For every line in the entries that contains "database", show the whole line.

-- Data for review follows --

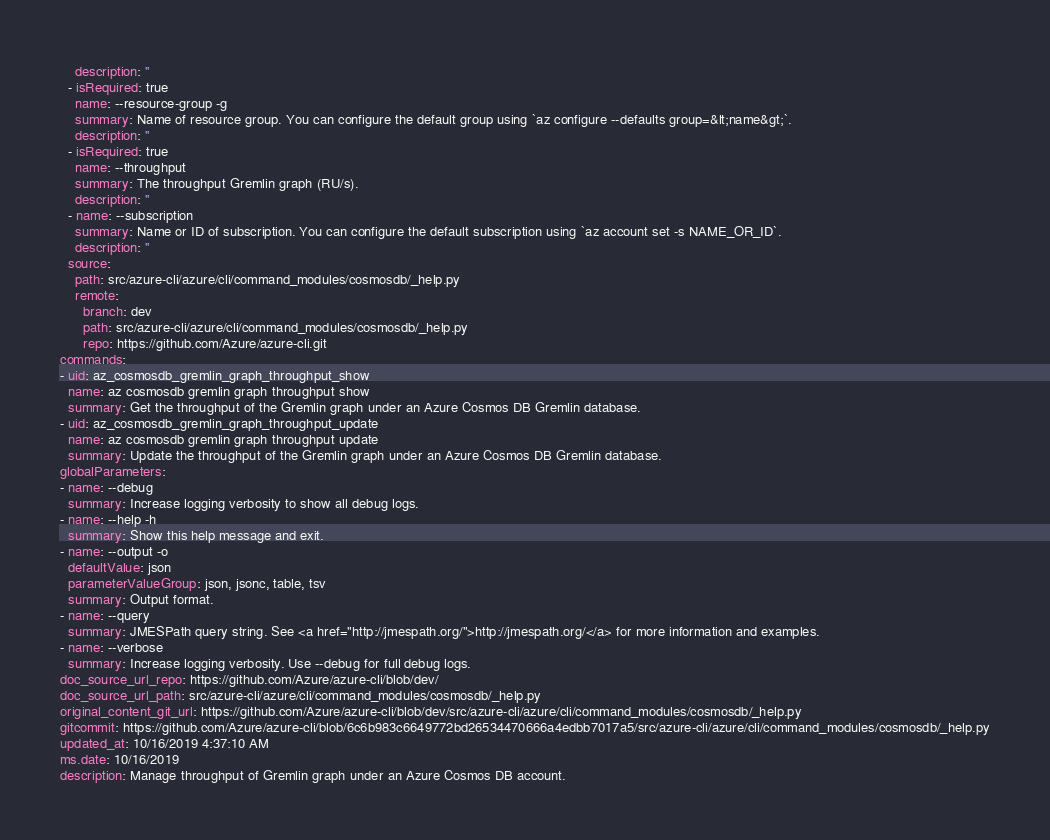<code> <loc_0><loc_0><loc_500><loc_500><_YAML_>    description: ''
  - isRequired: true
    name: --resource-group -g
    summary: Name of resource group. You can configure the default group using `az configure --defaults group=&lt;name&gt;`.
    description: ''
  - isRequired: true
    name: --throughput
    summary: The throughput Gremlin graph (RU/s).
    description: ''
  - name: --subscription
    summary: Name or ID of subscription. You can configure the default subscription using `az account set -s NAME_OR_ID`.
    description: ''
  source:
    path: src/azure-cli/azure/cli/command_modules/cosmosdb/_help.py
    remote:
      branch: dev
      path: src/azure-cli/azure/cli/command_modules/cosmosdb/_help.py
      repo: https://github.com/Azure/azure-cli.git
commands:
- uid: az_cosmosdb_gremlin_graph_throughput_show
  name: az cosmosdb gremlin graph throughput show
  summary: Get the throughput of the Gremlin graph under an Azure Cosmos DB Gremlin database.
- uid: az_cosmosdb_gremlin_graph_throughput_update
  name: az cosmosdb gremlin graph throughput update
  summary: Update the throughput of the Gremlin graph under an Azure Cosmos DB Gremlin database.
globalParameters:
- name: --debug
  summary: Increase logging verbosity to show all debug logs.
- name: --help -h
  summary: Show this help message and exit.
- name: --output -o
  defaultValue: json
  parameterValueGroup: json, jsonc, table, tsv
  summary: Output format.
- name: --query
  summary: JMESPath query string. See <a href="http://jmespath.org/">http://jmespath.org/</a> for more information and examples.
- name: --verbose
  summary: Increase logging verbosity. Use --debug for full debug logs.
doc_source_url_repo: https://github.com/Azure/azure-cli/blob/dev/
doc_source_url_path: src/azure-cli/azure/cli/command_modules/cosmosdb/_help.py
original_content_git_url: https://github.com/Azure/azure-cli/blob/dev/src/azure-cli/azure/cli/command_modules/cosmosdb/_help.py
gitcommit: https://github.com/Azure/azure-cli/blob/6c6b983c6649772bd26534470666a4edbb7017a5/src/azure-cli/azure/cli/command_modules/cosmosdb/_help.py
updated_at: 10/16/2019 4:37:10 AM
ms.date: 10/16/2019
description: Manage throughput of Gremlin graph under an Azure Cosmos DB account.
</code> 
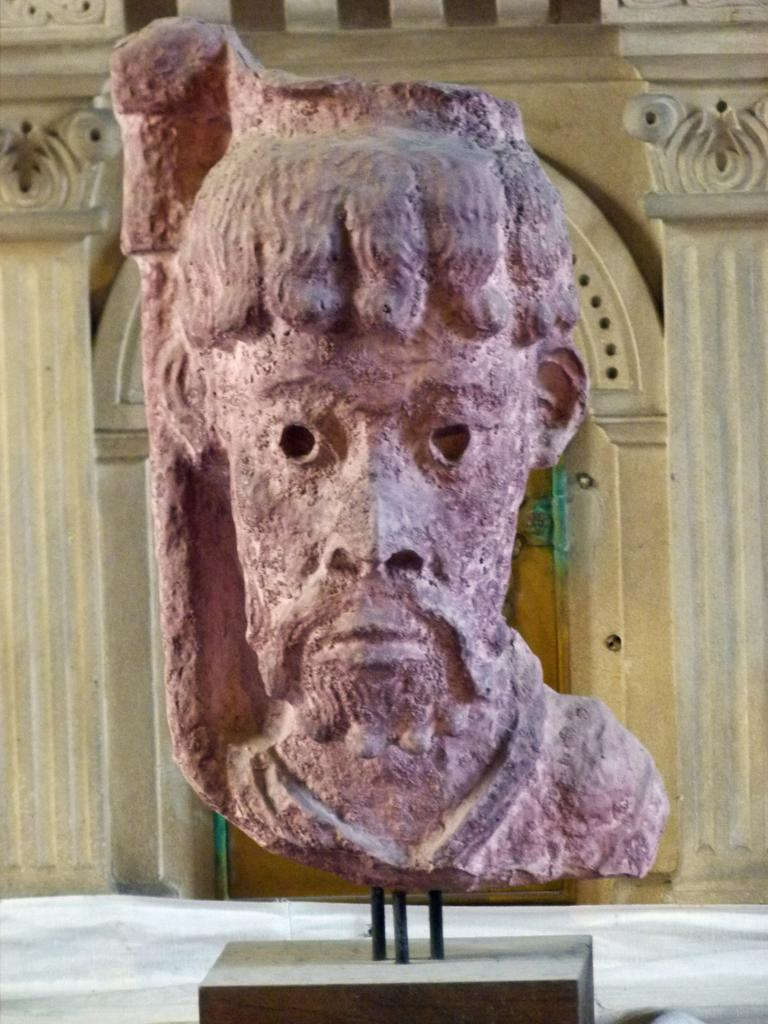What is the main subject in the image? There is a statue in the image. What can be seen behind the statue? There are two pillars behind the statue. What architectural feature is present between the pillars? There is an arch between the pillars. What is located under the arch? There is a door under the arch. What type of fork can be seen in the hands of the statue? There is no fork present in the image; the statue does not have any objects in its hands. 
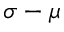Convert formula to latex. <formula><loc_0><loc_0><loc_500><loc_500>\sigma - \mu</formula> 
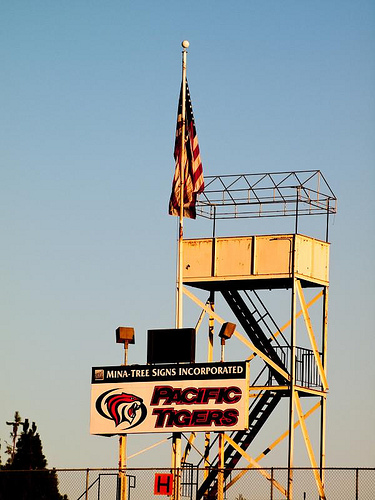<image>
Is the flagpole on the tower? Yes. Looking at the image, I can see the flagpole is positioned on top of the tower, with the tower providing support. 
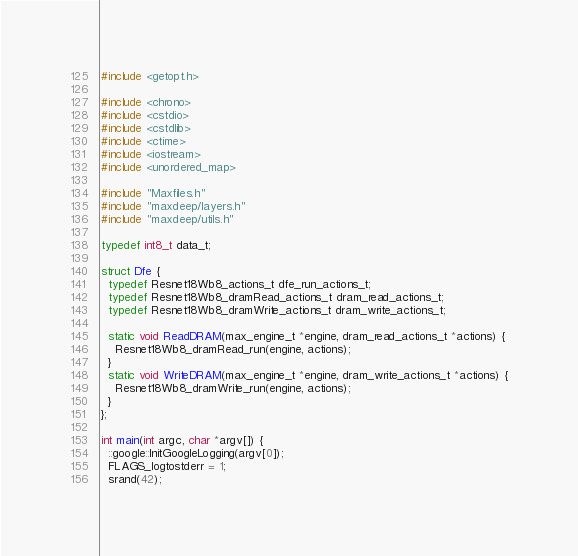Convert code to text. <code><loc_0><loc_0><loc_500><loc_500><_C++_>#include <getopt.h>

#include <chrono>
#include <cstdio>
#include <cstdlib>
#include <ctime>
#include <iostream>
#include <unordered_map>

#include "Maxfiles.h"
#include "maxdeep/layers.h"
#include "maxdeep/utils.h"

typedef int8_t data_t;

struct Dfe {
  typedef Resnet18Wb8_actions_t dfe_run_actions_t;
  typedef Resnet18Wb8_dramRead_actions_t dram_read_actions_t;
  typedef Resnet18Wb8_dramWrite_actions_t dram_write_actions_t;

  static void ReadDRAM(max_engine_t *engine, dram_read_actions_t *actions) {
    Resnet18Wb8_dramRead_run(engine, actions);
  }
  static void WriteDRAM(max_engine_t *engine, dram_write_actions_t *actions) {
    Resnet18Wb8_dramWrite_run(engine, actions);
  }
};

int main(int argc, char *argv[]) {
  ::google::InitGoogleLogging(argv[0]);
  FLAGS_logtostderr = 1;
  srand(42);
</code> 
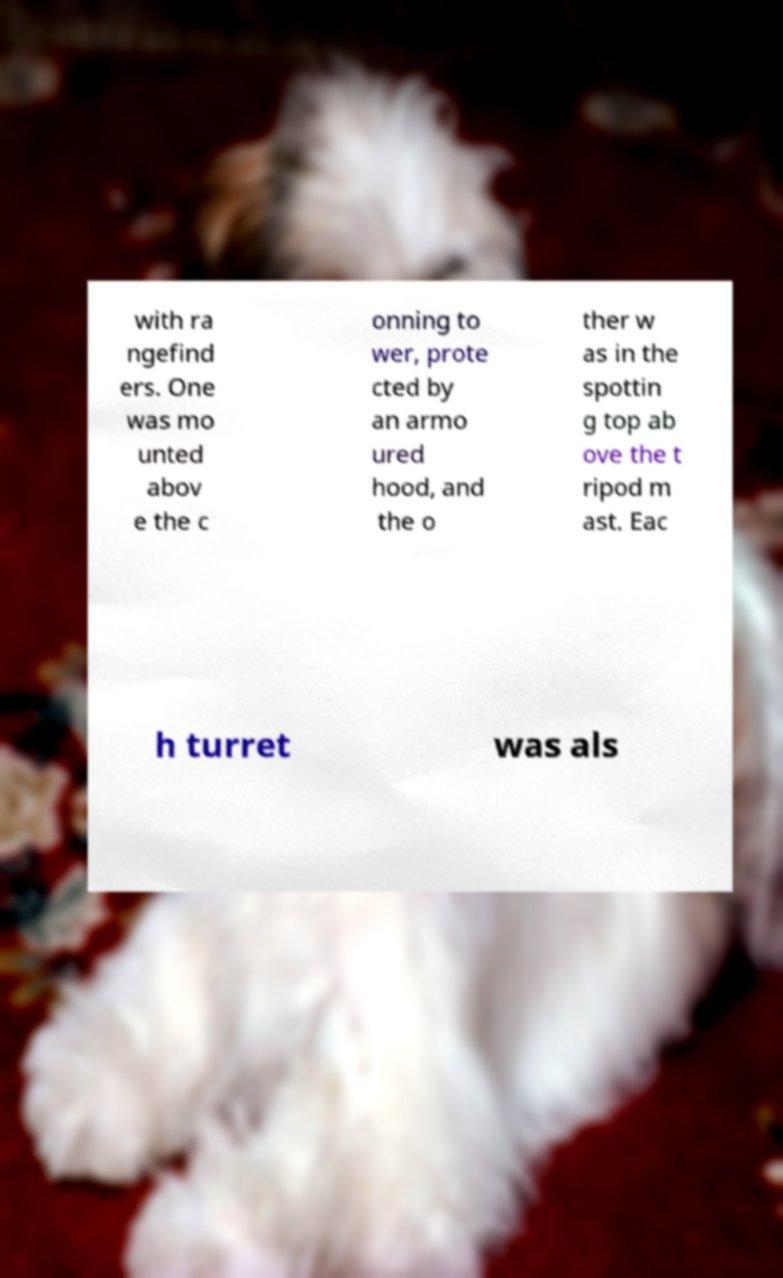Please identify and transcribe the text found in this image. with ra ngefind ers. One was mo unted abov e the c onning to wer, prote cted by an armo ured hood, and the o ther w as in the spottin g top ab ove the t ripod m ast. Eac h turret was als

-- Data for review concluded --

**Answer section**:
  summary: Get the throughput of the Gremlin graph under an Azure Cosmos DB Gremlin database.
  summary: Update the throughput of the Gremlin graph under an Azure Cosmos DB Gremlin database.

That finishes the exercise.